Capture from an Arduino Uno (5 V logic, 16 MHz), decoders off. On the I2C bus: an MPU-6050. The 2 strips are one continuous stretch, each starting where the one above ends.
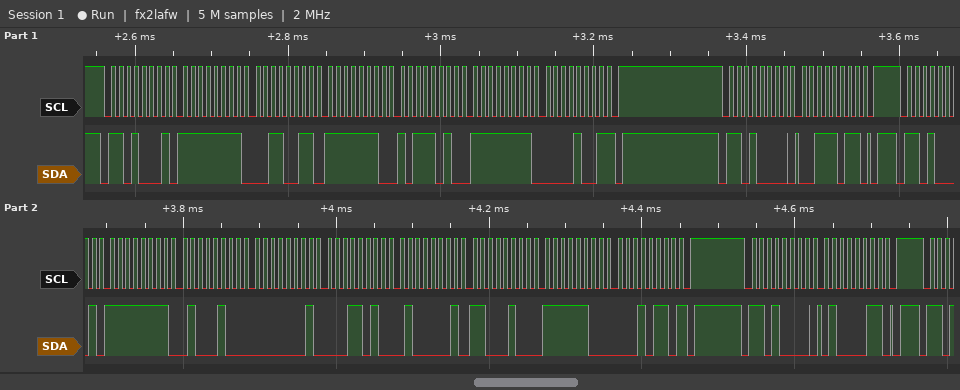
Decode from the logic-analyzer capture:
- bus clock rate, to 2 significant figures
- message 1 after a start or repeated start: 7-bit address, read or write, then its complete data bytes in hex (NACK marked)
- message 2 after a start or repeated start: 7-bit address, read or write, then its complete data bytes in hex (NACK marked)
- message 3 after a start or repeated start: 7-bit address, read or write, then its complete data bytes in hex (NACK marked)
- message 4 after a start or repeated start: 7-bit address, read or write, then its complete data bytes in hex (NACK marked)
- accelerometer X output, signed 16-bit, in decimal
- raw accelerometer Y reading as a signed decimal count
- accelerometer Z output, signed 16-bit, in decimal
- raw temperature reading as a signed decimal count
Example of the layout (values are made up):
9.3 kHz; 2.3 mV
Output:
100 kHz; 0x68 read: FF 33 FE BA FF 09 NACK; 0x68 write: 3B; 0x68 read: FF 44 01 1A 41 C4 FC 16 NACK; 0x68 write: 43; -188; 282; 16836; -1002
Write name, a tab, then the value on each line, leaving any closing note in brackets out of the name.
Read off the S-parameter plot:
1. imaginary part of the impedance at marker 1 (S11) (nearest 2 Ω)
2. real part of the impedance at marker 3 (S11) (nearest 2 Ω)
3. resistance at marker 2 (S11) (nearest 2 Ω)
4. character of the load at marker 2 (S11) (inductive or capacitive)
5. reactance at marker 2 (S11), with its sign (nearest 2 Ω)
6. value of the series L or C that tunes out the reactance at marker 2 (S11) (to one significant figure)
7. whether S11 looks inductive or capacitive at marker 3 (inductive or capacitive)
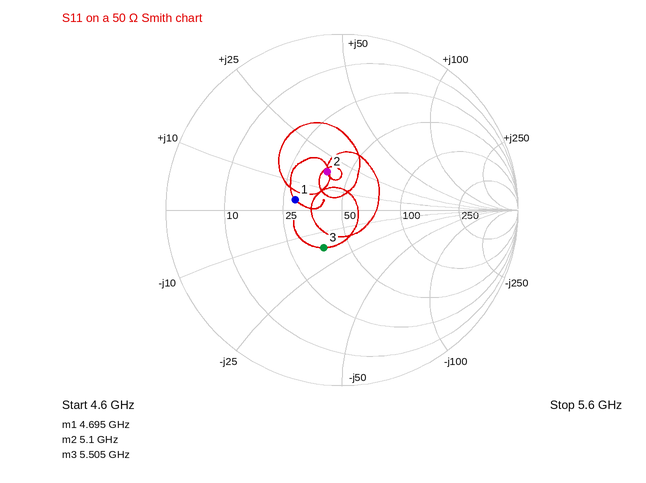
imaginary part of the impedance at marker 1 (S11)	+4 Ω
real part of the impedance at marker 3 (S11)	38 Ω
resistance at marker 2 (S11)	38 Ω
character of the load at marker 2 (S11)	inductive
reactance at marker 2 (S11), with its sign	+18 Ω
value of the series L or C that tunes out the reactance at marker 2 (S11)	2 pF
whether S11 looks inductive or capacitive at marker 3	capacitive
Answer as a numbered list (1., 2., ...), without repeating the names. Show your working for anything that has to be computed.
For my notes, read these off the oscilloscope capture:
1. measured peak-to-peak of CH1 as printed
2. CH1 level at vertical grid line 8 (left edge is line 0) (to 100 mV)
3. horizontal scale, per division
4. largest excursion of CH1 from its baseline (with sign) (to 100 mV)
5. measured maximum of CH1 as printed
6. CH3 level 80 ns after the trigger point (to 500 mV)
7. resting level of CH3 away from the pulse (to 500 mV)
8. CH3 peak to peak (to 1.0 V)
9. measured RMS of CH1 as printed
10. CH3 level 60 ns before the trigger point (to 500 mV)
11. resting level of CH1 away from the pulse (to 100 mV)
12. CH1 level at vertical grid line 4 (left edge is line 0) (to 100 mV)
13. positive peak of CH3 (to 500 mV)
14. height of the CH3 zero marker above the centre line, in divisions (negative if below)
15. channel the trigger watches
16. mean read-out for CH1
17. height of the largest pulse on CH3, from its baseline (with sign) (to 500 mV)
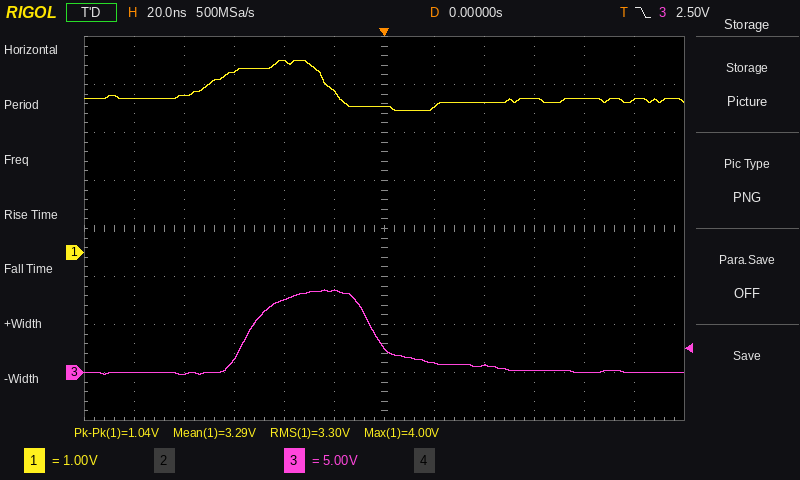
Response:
1. 1.04 V
2. 3.1 V
3. 20 ns
4. +800 mV
5. 4.00 V
6. 0.0 V
7. 0.0 V
8. 9.0 V
9. 3.30 V
10. 1.5 V
11. 3.2 V
12. 4.0 V
13. 8.5 V
14. -3.0 div
15. CH3
16. 3.29 V
17. 8.5 V − (0.0 V) = +8.5 V

To do: Would it be possible to reproduce the material word for word, images omitted?

Completed task:
Capture from an Arduino Uno (5 V logic, 16 MHz), decoders off. On the I2C bus: an MPU-6050. The 2 strips are one continuous stretch, each starting where the one above ends.
Decode from the logic-analyzer capture:
- bus clock rate, to 2 significant figures
- message 1 after a start or repeated start: 7-bit address, read or write, then its complete data bytes in hex (NACK marked)
- message 2 after a start or repeated start: 7-bit address, read or write, then its complete data bytes in hex (NACK marked)
- message 3 after a start or repeated start: 7-bit address, read or write, then its complete data bytes in hex (NACK marked)
- message 4 after a start or repeated start: 7-bit address, read or write, then its complete data bytes in hex (NACK marked)
- accelerometer X output, signed 16-bit, in decimal
- raw accelerometer Y reading as a signed decimal count
- accelerometer Z output, signed 16-bit, in decimal
- raw temperature reading as a signed decimal count
Example of the layout (values are made up):
9.3 kHz; 2.3 mV
Output:
100 kHz; 0x68 read: FF 33 FE BA FF 09 NACK; 0x68 write: 3B; 0x68 read: FF 44 01 1A 41 C4 FC 16 NACK; 0x68 write: 43; -188; 282; 16836; -1002
Write name, a tab, then the value on each line, leaving any closing note in brackets out of the name.
Read off the S-parameter plot:
1. imaginary part of the impedance at marker 1 (S11) (nearest 2 Ω)
2. real part of the impedance at marker 3 (S11) (nearest 2 Ω)
3. resistance at marker 2 (S11) (nearest 2 Ω)
4. character of the load at marker 2 (S11) (inductive or capacitive)
5. reactance at marker 2 (S11), with its sign (nearest 2 Ω)
6. value of the series L or C that tunes out the reactance at marker 2 (S11) (to one significant figure)
7. whether S11 looks inductive or capacitive at marker 3 (inductive or capacitive)
imaginary part of the impedance at marker 1 (S11)	+4 Ω
real part of the impedance at marker 3 (S11)	38 Ω
resistance at marker 2 (S11)	38 Ω
character of the load at marker 2 (S11)	inductive
reactance at marker 2 (S11), with its sign	+18 Ω
value of the series L or C that tunes out the reactance at marker 2 (S11)	2 pF
whether S11 looks inductive or capacitive at marker 3	capacitive
Answer as a numbered list (1., 2., ...), without repeating the names. Show your working for anything that has to be computed.
For my notes, read these off the oscilloscope capture:
1. measured peak-to-peak of CH1 as printed
2. CH1 level at vertical grid line 8 (left edge is line 0) (to 100 mV)
3. horizontal scale, per division
4. largest excursion of CH1 from its baseline (with sign) (to 100 mV)
5. measured maximum of CH1 as printed
6. CH3 level 80 ns after the trigger point (to 500 mV)
7. resting level of CH3 away from the pulse (to 500 mV)
8. CH3 peak to peak (to 1.0 V)
9. measured RMS of CH1 as printed
10. CH3 level 60 ns before the trigger point (to 500 mV)
11. resting level of CH1 away from the pulse (to 100 mV)
12. CH1 level at vertical grid line 4 (left edge is line 0) (to 100 mV)
13. positive peak of CH3 (to 500 mV)
14. height of the CH3 zero marker above the centre line, in divisions (negative if below)
15. channel the trigger watches
16. mean read-out for CH1
17. height of the largest pulse on CH3, from its baseline (with sign) (to 500 mV)
Response:
1. 1.04 V
2. 3.1 V
3. 20 ns
4. +800 mV
5. 4.00 V
6. 0.0 V
7. 0.0 V
8. 9.0 V
9. 3.30 V
10. 1.5 V
11. 3.2 V
12. 4.0 V
13. 8.5 V
14. -3.0 div
15. CH3
16. 3.29 V
17. 8.5 V − (0.0 V) = +8.5 V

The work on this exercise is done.